Burkina Faso, Five Years After “Revolution 2.0”
In October 2014, following 27 years of rule by President Blaise Compaoré, Burkinabe citizens took to the streets to protest Compaoré’s decision to seek an extension of presidential term limits to enable him to stay in power. These protests contributed to Compaoré’s resignation and dissolution of Parliament, and establishment of a transitional government as the country prepared for elections.
Dubbed by activists as “Revolution 2.0”, the transition in Burkina Faso signaled hope that long-standing autocratic regimes in Africa would follow suit and reverse a trend of “president for life” that threatened democratic processes in Africa.
Five years after the protests filled the streets of Ouagadougou, Burkina Faso has since held the national election that activists demanded, marking a new era in Burkina Faso’s democracy. Nevertheless, challenges both old and new continue to plague the country’s socioeconomic growth and democratic development.
Credible electoral processes, but constitutional uncertainty
On November 29, 2015, Burkina Faso held presidential and legislative elections that were generally considered free and fair by international observers, electing Roch Marc Christian Kaboré, a former Prime Minister and head of the National Assembly, as President. Over 3 million citizens voted, marking a 60% turnout, and just under 100 political parties received votes in the legislative elections. The national elections were followed by two successful municipal-level elections in 2016 and 2017, marking the first opportunity for Burkinabe citizens to vote for local-level representation after the transition.
A constitutional referendum was scheduled for March 2019 for voters to decide on whether to adopt presidential term limits, but was ultimately postponed due to security concerns relating to violent extremism. Without the term limits, Burkina Faso remains a country in transition without an adequate legal framework to support its growing electoral interest.
Burkina Faso’s presidential elections are anticipated for late 2020, and the constitutional question remains a critical consideration in establishing the governance infrastructure needed to consolidate democratic gains.
Threats of violent extremism and socioeconomic challenges in the Sahel
Like much of the Sahel, Burkina Faso faces rising threats from extremist groups. Most notably, in 2016, an attack on the Splendid Hotel resulted in the death of 28 individuals. Similarly, Al-Qaeda in the Islamic Maghreb claimed responsibility for a series of coordinated attacks that occurred in 2018.Within the past year, spillover from conflict in Mali has threatened security across northern Burkina Faso, resulting in the displacement of nearly half a million Burkinabe citizens.
The Burkinabe government has taken steps to address some of these concerns, including changes to its legal framework to address terrorism-related cases and development of a counterterrorism task force. However, lack of resources and capacity to address these issues leave the country vulnerable to threats.
Resulting from these challenges of instability, issues of malnutrition, maternal mortality and limited access to education continue to challenge the country.

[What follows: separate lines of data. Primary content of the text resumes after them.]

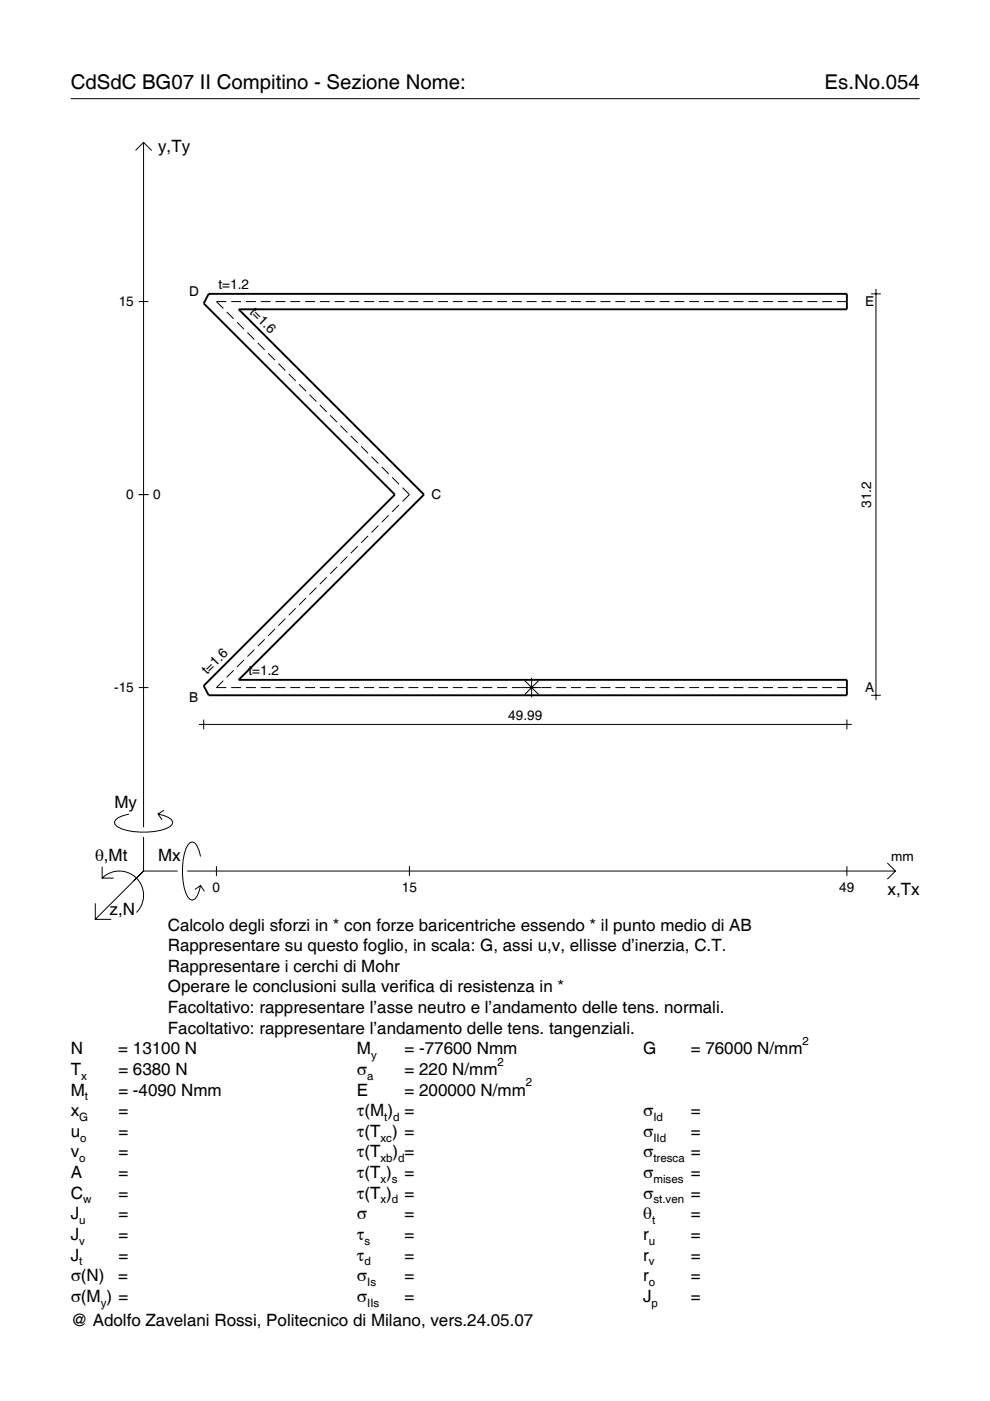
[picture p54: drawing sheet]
<svg xmlns="http://www.w3.org/2000/svg" width="210mm" height="297mm" viewBox="0 0 210 297" stroke-linecap="round" stroke-linejoin="round" font-family="sans-serif">
<defs><g id="words">
<g font-size="4.3">
<text x="15" y="18.9">CdSdC BG07 II Compitino - Sezione Nome:</text>
<text x="174.8" y="18.9">Es.No.054</text>
</g>
<g font-size="3.6">
<text x="33.5" y="32.3">y,Ty</text>
<text x="24.3" y="171.3">My</text>
<text x="20.1" y="182.6">θ,Mt</text>
<text x="33.5" y="182.6">Mx</text>
<text x="188.2" y="189.8">x,Tx</text>
<text x="23.2" y="193.9">z,N</text>
<text x="35.6" y="197.3">Calcolo degli sforzi in * con forze baricentriche essendo * il punto medio di AB</text>
<text x="35.6" y="201.7">Rappresentare su questo foglio, in scala: G, assi u,v, ellisse d’inerzia, C.T.</text>
<text x="35.6" y="206">Rappresentare i cerchi di Mohr</text>
<text x="35.6" y="210.4">Operare le conclusioni sulla verifica di resistenza in *</text>
<text x="35.6" y="214.8">Facoltativo: rappresentare l’asse neutro e l’andamento delle tens. normali.</text>
<text x="35.6" y="219.2">Facoltativo: rappresentare l’andamento delle tens. tangenziali.</text>
<text x="15" y="223.5">N</text>
<text x="15" y="227.9">T</text>
<text x="25.1" y="223.5">= 13100 N</text>
<text x="25.1" y="227.9">= 6380 N</text>
<text x="75.7" y="227.9">σ</text>
<text x="75.7" y="223.5">M</text>
<text x="85.8" y="223.5">= -77600 Nmm</text>
<text x="85.8" y="227.9">= 220 N/mm</text>
<text x="136.4" y="223.5">G</text>
<text x="146.5" y="223.5">= 76000 N/mm</text>
<text x="15" y="232.3">M</text>
<text x="25.1" y="232.3">= -4090 Nmm</text>
<text x="75.7" y="232.3">E</text>
<text x="85.8" y="232.3">= 200000 N/mm</text>
<text x="15" y="236.7">x</text>
<text x="25.1" y="236.7">=</text>
<text x="75.7" y="236.7">τ(M ) =</text>
<text x="136.4" y="236.7">σ</text>
<text x="146.5" y="236.7">=</text>
<text x="15" y="241">u</text>
<text x="15" y="245.4">v</text>
<text x="25.1" y="241">=</text>
<text x="25.1" y="245.4">=</text>
<text x="75.7" y="241">τ(T ) =</text>
<text x="75.7" y="245.4">τ(T</text>
<text x="83.3" y="245.4">) =</text>
<text x="136.4" y="241">σ</text>
<text x="136.4" y="245.4">σ</text>
<text x="146.5" y="241">=</text>
<text x="146.5" y="245.4">=</text>
<text x="15" y="249.8">A</text>
<text x="25.1" y="249.8">=</text>
<text x="75.7" y="249.8">τ(T )</text>
<text x="85.8" y="249.8">=</text>
<text x="136.4" y="249.8">σ</text>
<text x="146.5" y="249.8">=</text>
<text x="15" y="254.2">C</text>
<text x="25.1" y="254.2">=</text>
<text x="75.7" y="254.2">τ(T )</text>
<text x="85.8" y="254.2">=</text>
<text x="136.4" y="254.2">σ</text>
<text x="146.5" y="254.2">=</text>
<text x="15" y="258.5">J</text>
<text x="15" y="262.9">J</text>
<text x="25.1" y="258.5">=</text>
<text x="25.1" y="262.9">=</text>
<text x="75.7" y="258.5">σ</text>
<text x="75.7" y="262.9">τ</text>
<text x="85.8" y="258.5">=</text>
<text x="85.8" y="262.9">=</text>
<text x="136.4" y="258.5">θ</text>
<text x="136.4" y="262.9">r</text>
<text x="146.5" y="258.5">=</text>
<text x="146.5" y="262.9">=</text>
<text x="15" y="267.3">J</text>
<text x="25.1" y="267.3">=</text>
<text x="75.7" y="267.3">τ</text>
<text x="85.8" y="267.3">=</text>
<text x="136.4" y="267.3">r</text>
<text x="146.5" y="267.3">=</text>
<text x="15" y="271.7">σ(N)</text>
<text x="25.1" y="271.7">=</text>
<text x="75.7" y="271.7">σ</text>
<text x="85.8" y="271.7">=</text>
<text x="136.4" y="271.7">r</text>
<text x="146.5" y="271.7">=</text>
<text x="15" y="276">σ(M ) =</text>
<text x="15" y="281.2">@ Adolfo Zavelani Rossi, Politecnico di Milano, vers.24.05.07</text>
<text x="75.7" y="276">σ</text>
<text x="85.8" y="276">=</text>
<text x="136.4" y="276">J</text>
<text x="146.5" y="276">=</text>
</g>
<g font-size="2.9">
<text x="25.2" y="64.9">15</text>
<text x="40.1" y="62.8">D</text>
<text x="46.3" y="61.3">t=1.2</text>
<text x="183.4" y="64.8">E</text>
<text x="52.8" y="66.3" transform="rotate(45 52.8 66.3)">t=1.6</text>
<text x="26.8" y="105.9">0</text>
<text x="32.5" y="105.9">0</text>
<text x="91.5" y="105.8">C</text>
<text x="184.7" y="107.7" transform="rotate(-90 184.7 107.7)">31.2</text>
<text x="43.9" y="143.2" transform="rotate(-45 43.9 143.2)">t=1.6</text>
<text x="52.7" y="143.1">t=1.2</text>
<text x="24.2" y="146.8">-15</text>
<text x="40.1" y="148.8">B</text>
<text x="183.4" y="146.7">A</text>
<text x="107.8" y="152.6">49.99</text>
<text x="189" y="182.6">mm</text>
<text x="45.1" y="189.1">0</text>
<text x="85.2" y="189.1">15</text>
<text x="178" y="189.1">49</text>
</g>
<g font-size="2.4">
<text x="170.2" y="221.5">2</text>
<text x="78.7" y="224.5">y</text>
<text x="105.5" y="225.9">2</text>
<text x="17.2" y="228.9">x</text>
<text x="18" y="233.3">t</text>
<text x="77.9" y="228.9">a</text>
<text x="111.5" y="230.3">2</text>
<text x="16.8" y="237.7">G</text>
<text x="81.5" y="237.7">t d</text>
<text x="138.5" y="237.7">Id</text>
<text x="17" y="242">o</text>
<text x="80.7" y="242">xc</text>
<text x="138.5" y="242">IId</text>
<text x="16.8" y="246.4">o</text>
<text x="80.7" y="246.4">xb d</text>
<text x="80.7" y="250.8">x s</text>
<text x="138.5" y="246.4">tresca</text>
<text x="138.5" y="250.8">mises</text>
<text x="17.6" y="255.2">w</text>
<text x="80.7" y="255.2">x d</text>
<text x="138.5" y="255.2">st.ven</text>
<text x="16.8" y="259.5">u</text>
<text x="16.8" y="263.9">v</text>
<text x="77.3" y="263.9">s</text>
<text x="137.6" y="263.9">u</text>
<text x="138.2" y="259.5">t</text>
<text x="16.8" y="268.3">t</text>
<text x="77.3" y="268.3">d</text>
<text x="137.6" y="268.3">v</text>
<text x="77.9" y="272.7">Is</text>
<text x="137.6" y="272.7">o</text>
<text x="21.4" y="277">y</text>
<text x="77.9" y="277">IIs</text>
<text x="138.2" y="277">p</text>
</g>
</g></defs>
<g fill="none" stroke="#000" stroke-width=".21">
<path d="M15 20.9h180M28.7 31.9l1.7-1.7 1.8 1.7M30.4 30.2v145.2M29.4 63.9h2.1M48 63.9h-2.1l1.4 1.5M48.1 66.1l1.4 1.5M49 63.9h2.1M50.3 68.3l1.4 1.5M52.1 63.9h2.2M52.5 70.5l1.4 1.5M54.6 72.7l1.5 1.5M55.3 63.9h2.1"/>
<path d="M56.8 74.9l1.5 1.5M58.4 63.9h2.1M59 77.1l1.5 1.5M61.2 79.3l1.5 1.5M61.5 63.9h2.1M64.7 63.9h2.1M67.8 63.9h2.1M70.9 63.9h2.1M74.1 63.9h2.1M77.2 63.9h2.1M80.3 63.9h2.1M83.5 63.9h2.1"/>
<path d="M86.6 63.9h2.1M89.7 63.9h2.1M92.9 63.9h2.1M96 63.9h2.1M99.1 63.9h2.1M102.3 63.9h2.1M105.4 63.9h2.1M108.5 63.9h2.1M111.7 63.9h2.1M114.8 63.9h2.1M117.9 63.9h2.1M121.1 63.9h2.1"/>
<path d="M124.2 63.9h2.1M127.3 63.9h2.1M130.5 63.9h2.1M133.6 63.9h2.1M136.7 63.9h2.1M139.9 63.9h2.1M143 63.9h2.1M146.1 63.9h2.1M149.3 63.9h2.1M152.4 63.9h2.1M155.5 63.9h2.1M158.7 63.9h2.1"/>
<path d="M161.8 63.9h2.1M164.9 63.9h2.1M168.1 63.9h2.1M171.2 63.9h2.1M174.3 63.9h2.1M177.4 63.9h2.2M184.7 62.3h2.1M185.7 61.3v87.1M63.4 81.5l1.5 1.4M65.6 83.7l1.5 1.4M67.8 85.9l1.5 1.4M70 88.1l1.5 1.4"/>
<path d="M72.2 90.2l1.4 1.5M74.4 92.4l1.4 1.5M76.6 94.6l1.4 1.5M78.8 96.8l1.4 1.5M81 99l1.4 1.5M29.4 104.9h2.1M73.6 118l-1.4 1.5M75.8 115.8l-1.4 1.5M78 113.6l-1.4 1.5M80.2 111.4l-1.4 1.5M82.4 109.2l-1.4 1.5M83.1 101.2l1.5 1.5"/>
<path d="M84.6 107.1l-1.5 1.4M85.3 103.4l1.5 1.5-1.5 1.4M51.7 139.9l-1.4 1.5M53.9 137.7l-1.4 1.5M56.1 135.6l-1.5 1.4M58.3 133.4l-1.5 1.4M60.5 131.2l-1.5 1.4M62.7 129l-1.5 1.4M64.9 126.8l-1.5 1.4M67.1 124.6l-1.5 1.5M69.3 122.4l-1.5 1.5M71.5 120.2l-1.5 1.5"/>
<path d="M29.4 145.8h2.1M42.2 153.6h138.4M43.2 152.6v2M47.3 144.3l-1.4 1.5h2.1M49 145.8h2.1M49.5 142.1l-1.4 1.5M52.1 145.8h2.2M55.3 145.8h2.1M58.4 145.8h2.1M61.5 145.8h2.1M64.7 145.8h2.1M67.8 145.8h2.1"/>
<path d="M70.9 145.8h2.1M74.1 145.8h2.1M77.2 145.8h2.1M80.3 145.8h2.1M83.5 145.8h2.1M86.6 145.8h2.1M89.7 145.8h2.1M92.9 145.8h2.1M96 145.8h2.1M99.1 145.8h2.1M102.3 145.8h2.1M105.4 145.8h2.1"/>
<path d="M108.5 145.8h8.4M111.3 144.3l2.9 2.9M112.7 143.7v4.1M114.2 144.3l-2.9 2.9M117.9 145.8h2.1M121.1 145.8h2.1M124.2 145.8h2.1M127.3 145.8h2.1M130.5 145.8h2.1M133.6 145.8h2.1M136.7 145.8h2.1M139.9 145.8h2.1"/>
<path d="M143 145.8h2.1M146.1 145.8h2.1M149.3 145.8h2.1M152.4 145.8h2.1M155.5 145.8h2.1M158.7 145.8h2.1M161.8 145.8h2.1M164.9 145.8h2.1M168.1 145.8h2.1M171.2 145.8h2.1M174.3 145.8h2.1M177.4 145.8h2.2"/>
<path d="M179.6 152.6v2M184.7 147.4h2.1M27.3 172.6a3.6 3.6 0 0 0-3 1.7l.1 .5a5.7 5.7 0 0 0 3.8 1.5 13.3 13.3 0 0 0 7.8-1l.5-.5 .1-.5a3.6 3.6 0 0 0-3.1-1.7l.8 1.2M30.4 177.5v7.2M34.7 171.8l-1.2 .8M20.2 191.5v3.4h3.4M21.7 186.2a5.1 5.1 0 0 1 7.2 0 5.1 5.1 0 0 1 0 7.3M21.7 183.8v2.4h2.4M30.4 184.7l-10.2 10.2M30.4 184.7l-2 2M30.4 184.7h7.2M39.7 184.7h150.1"/>
<path d="M42.5 181.6a3.6 3.6 0 0 0-1.7-3.1l-.5 .1a5.7 5.7 0 0 0-1.5 3.8 13.3 13.3 0 0 0 1 7.8l.5 .5 .5 .2a3.6 3.6 0 0 0 1.7-3.1l-1.2 .8M42.5 187.8l.8 1.2M45.9 183.7v2M86.8 183.7v2M179.6 183.7v2M188.1 183l1.7 1.7-1.7 1.7"/>
</g>
<path d="M44.2 62.3h135.4v3.3h-129l39.3 39.3-39.3 39.2h129v3.3h-135.4l-1-2 40.5-40.5-40.5-40.6z" fill="none" stroke="#000" stroke-width=".4"/>
<use href="#words"/>
</svg>

In 2019, stemming from security issues, 1,035 public schools were closed, limiting school access for 141,000 students. As Burkina Faso is scheduled to undertake its next census process in late 2019, it remains to be seen how these political factors are impacting socioeconomic development.
How Can International Aid Help?
To assist Burkina Faso in emerging from its stage of arrested political development, the international community should support three critical areas: elections, civil society, and security and rule of law.
Burkina Faso will require support throughout the upcoming electoral cycle, not only with ensuring the proper logistical preparations are being made, but also to strengthen electoral regulatory frameworks ahead of the election. to ensure the establishment of term limits in the constitution, as well as to ensure full and open participation by all voters without undue voting restrictions on the diaspora. Additionally, ensuring women’s full participation both as candidates and voters in the election will be critical, as women comprise less than 10% of the national assembly and are severely underrepresented in political life. As violence and instability continue to threaten the region, international development aid can also help map the threats resulting from electoral violence to assist the country in anticipating these challenges and reducing their impact.
While there is a long-standing and active civil society, support from the international community supporting civil society, should increase. Added support could foster new civil society initiatives to advocate for democratic governance given the political opening, as well as capitalize on the recent developments to further create space for effective civic engagement. Following the broad-based grassroots mobilization that led to “Revolution 2.0”, Burkinabe organizations face limits on freedom of expression and require additional support to effectively coordinate with the government on political and social issues.
The weaknesses of the security services and anti-corruption mechanisms are mutually reinforcing, with insufficient training and appropriate justice mechanisms contributing to widespread extrajudicial killings in response to threats of violent extremism. These issues, coupled with sweeping corruption, particularly in the extractive industries, have hampered Burkina Faso’s development. Burkina Faso has made marginal gains in reducing corruption, and strengthening both legal frameworks and enforcement mechanisms would be an effective way to continue capitalizing on this progress and set a chart forth for Burkina Faso’s future.